__The problem__
Provide an exact copy of the lines from the beginning of the records through the line that includes "Answer: Decadent dark", and of no others.

** Opening Extracted records block **

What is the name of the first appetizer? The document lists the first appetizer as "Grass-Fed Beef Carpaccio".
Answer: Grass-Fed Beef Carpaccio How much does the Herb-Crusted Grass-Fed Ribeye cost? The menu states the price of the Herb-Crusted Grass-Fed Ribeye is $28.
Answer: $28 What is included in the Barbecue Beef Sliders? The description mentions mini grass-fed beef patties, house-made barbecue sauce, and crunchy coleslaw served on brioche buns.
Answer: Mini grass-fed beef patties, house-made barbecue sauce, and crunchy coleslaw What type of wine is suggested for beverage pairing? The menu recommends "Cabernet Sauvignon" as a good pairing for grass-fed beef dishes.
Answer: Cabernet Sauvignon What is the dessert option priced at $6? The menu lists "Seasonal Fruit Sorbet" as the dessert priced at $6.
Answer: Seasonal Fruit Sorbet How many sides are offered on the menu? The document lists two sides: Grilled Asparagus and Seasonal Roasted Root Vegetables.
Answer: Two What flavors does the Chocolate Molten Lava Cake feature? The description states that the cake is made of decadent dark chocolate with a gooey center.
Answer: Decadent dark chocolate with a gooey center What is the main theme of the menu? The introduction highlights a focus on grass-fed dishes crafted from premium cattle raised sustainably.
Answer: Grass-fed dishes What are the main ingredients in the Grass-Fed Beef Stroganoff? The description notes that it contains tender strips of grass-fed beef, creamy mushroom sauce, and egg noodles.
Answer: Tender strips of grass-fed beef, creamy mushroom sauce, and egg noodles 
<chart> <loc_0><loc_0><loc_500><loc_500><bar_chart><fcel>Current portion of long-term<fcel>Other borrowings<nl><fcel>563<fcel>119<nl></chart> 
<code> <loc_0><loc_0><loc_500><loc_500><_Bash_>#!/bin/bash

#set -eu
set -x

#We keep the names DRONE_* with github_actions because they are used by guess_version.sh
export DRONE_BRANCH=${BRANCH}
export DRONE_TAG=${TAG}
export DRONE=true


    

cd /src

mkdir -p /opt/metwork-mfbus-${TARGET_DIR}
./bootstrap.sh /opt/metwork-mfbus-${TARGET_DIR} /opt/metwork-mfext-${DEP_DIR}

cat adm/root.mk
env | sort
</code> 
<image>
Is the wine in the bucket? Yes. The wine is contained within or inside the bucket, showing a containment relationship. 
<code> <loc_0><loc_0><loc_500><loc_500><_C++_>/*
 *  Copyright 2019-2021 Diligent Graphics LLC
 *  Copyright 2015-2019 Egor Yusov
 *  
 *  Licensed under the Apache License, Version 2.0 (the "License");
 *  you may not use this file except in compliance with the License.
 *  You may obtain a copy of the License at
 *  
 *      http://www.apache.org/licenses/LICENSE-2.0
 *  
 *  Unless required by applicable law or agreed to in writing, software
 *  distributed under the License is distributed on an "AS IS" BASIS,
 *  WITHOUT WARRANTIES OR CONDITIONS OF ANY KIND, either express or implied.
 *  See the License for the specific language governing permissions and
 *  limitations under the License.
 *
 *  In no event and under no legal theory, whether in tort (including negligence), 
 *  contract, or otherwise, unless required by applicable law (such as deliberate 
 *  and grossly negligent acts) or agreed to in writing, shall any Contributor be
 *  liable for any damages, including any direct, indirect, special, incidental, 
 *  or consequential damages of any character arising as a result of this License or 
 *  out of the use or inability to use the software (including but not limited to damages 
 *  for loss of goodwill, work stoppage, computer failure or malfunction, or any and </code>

** Closing Extracted records block **

__Solution to the problem__
What is the name of the first appetizer? The document lists the first appetizer as "Grass-Fed Beef Carpaccio".
Answer: Grass-Fed Beef Carpaccio How much does the Herb-Crusted Grass-Fed Ribeye cost? The menu states the price of the Herb-Crusted Grass-Fed Ribeye is $28.
Answer: $28 What is included in the Barbecue Beef Sliders? The description mentions mini grass-fed beef patties, house-made barbecue sauce, and crunchy coleslaw served on brioche buns.
Answer: Mini grass-fed beef patties, house-made barbecue sauce, and crunchy coleslaw What type of wine is suggested for beverage pairing? The menu recommends "Cabernet Sauvignon" as a good pairing for grass-fed beef dishes.
Answer: Cabernet Sauvignon What is the dessert option priced at $6? The menu lists "Seasonal Fruit Sorbet" as the dessert priced at $6.
Answer: Seasonal Fruit Sorbet How many sides are offered on the menu? The document lists two sides: Grilled Asparagus and Seasonal Roasted Root Vegetables.
Answer: Two What flavors does the Chocolate Molten Lava Cake feature? The description states that the cake is made of decadent dark chocolate with a gooey center.
Answer: Decadent dark chocolate with a gooey center What is the main theme of the menu? The introduction highlights a focus on grass-fed dishes crafted from premium cattle raised sustainably.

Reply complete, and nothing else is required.